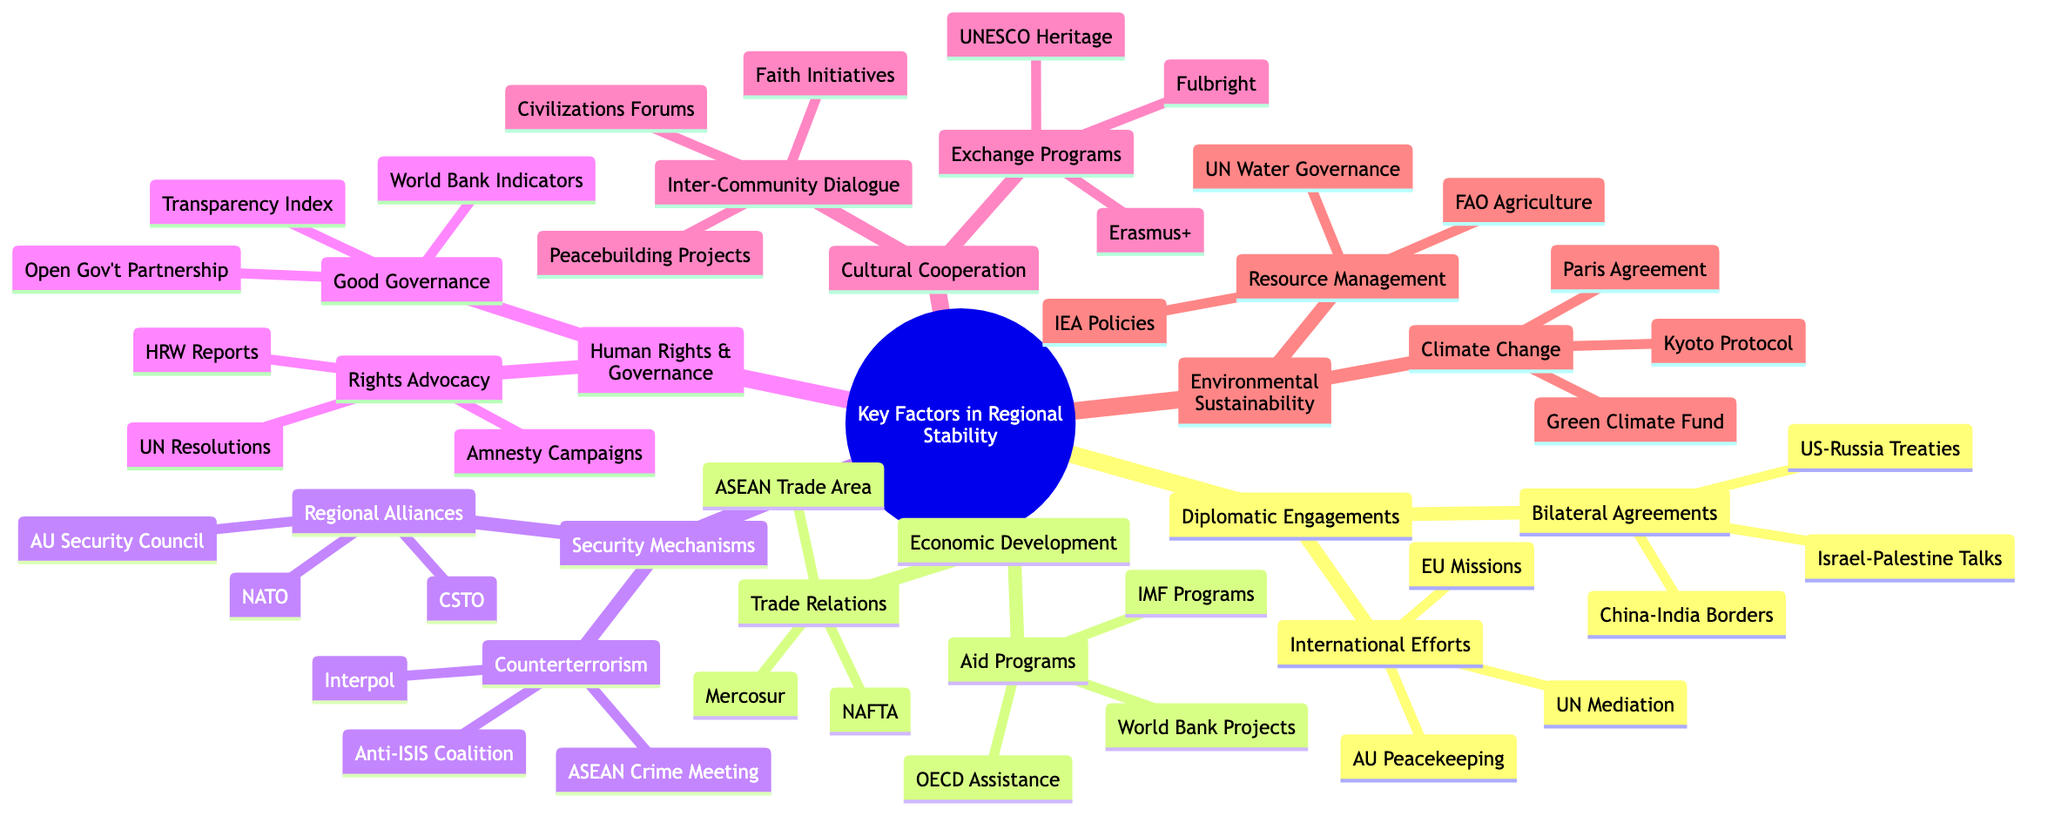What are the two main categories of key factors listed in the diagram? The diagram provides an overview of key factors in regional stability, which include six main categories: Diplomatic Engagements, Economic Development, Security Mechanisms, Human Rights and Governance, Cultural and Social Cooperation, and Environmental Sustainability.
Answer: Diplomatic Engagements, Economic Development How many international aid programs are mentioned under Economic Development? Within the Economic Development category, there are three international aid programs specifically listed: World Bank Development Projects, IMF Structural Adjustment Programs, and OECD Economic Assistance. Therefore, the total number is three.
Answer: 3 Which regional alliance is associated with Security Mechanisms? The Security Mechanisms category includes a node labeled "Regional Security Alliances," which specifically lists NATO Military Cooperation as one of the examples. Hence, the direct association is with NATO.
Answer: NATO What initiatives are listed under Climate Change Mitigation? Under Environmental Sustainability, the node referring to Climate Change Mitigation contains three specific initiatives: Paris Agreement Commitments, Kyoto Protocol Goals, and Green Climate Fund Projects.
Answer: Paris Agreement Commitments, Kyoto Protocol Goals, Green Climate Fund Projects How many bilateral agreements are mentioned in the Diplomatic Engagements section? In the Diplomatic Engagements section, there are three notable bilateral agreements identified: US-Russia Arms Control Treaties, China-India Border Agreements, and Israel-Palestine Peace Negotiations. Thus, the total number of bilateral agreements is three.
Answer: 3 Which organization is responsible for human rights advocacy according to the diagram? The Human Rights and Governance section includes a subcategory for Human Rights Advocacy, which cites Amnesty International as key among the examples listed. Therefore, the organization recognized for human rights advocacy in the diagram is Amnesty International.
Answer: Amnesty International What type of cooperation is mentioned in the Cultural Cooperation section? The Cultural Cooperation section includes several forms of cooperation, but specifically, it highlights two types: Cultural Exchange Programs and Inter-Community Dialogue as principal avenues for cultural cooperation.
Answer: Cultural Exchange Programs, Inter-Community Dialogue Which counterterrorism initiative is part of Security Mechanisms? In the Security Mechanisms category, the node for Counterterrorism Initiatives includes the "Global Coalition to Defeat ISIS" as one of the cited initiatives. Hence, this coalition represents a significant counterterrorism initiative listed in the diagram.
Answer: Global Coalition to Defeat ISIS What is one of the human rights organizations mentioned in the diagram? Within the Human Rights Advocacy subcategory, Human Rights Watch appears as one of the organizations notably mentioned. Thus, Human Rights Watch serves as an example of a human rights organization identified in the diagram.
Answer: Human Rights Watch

+ + + + +

Bring together all lines in the records where the word "Global" is found.

Answer: Cultural Exchange Programs, Inter-Community Dialogue Which counterterrorism initiative is part of Security Mechanisms? In the Security Mechanisms category, the node for Counterterrorism Initiatives includes the "Global Coalition to Defeat ISIS" as one of the cited initiatives. Hence, this coalition represents a significant counterterrorism initiative listed in the diagram.
Answer: Global Coalition to Defeat ISIS What is one of the human rights organizations mentioned in the diagram? Within the Human Rights Advocacy subcategory, Human Rights Watch appears as one of the organizations notably mentioned. Thus, Human Rights Watch serves as an example of a human rights organization identified in the diagram.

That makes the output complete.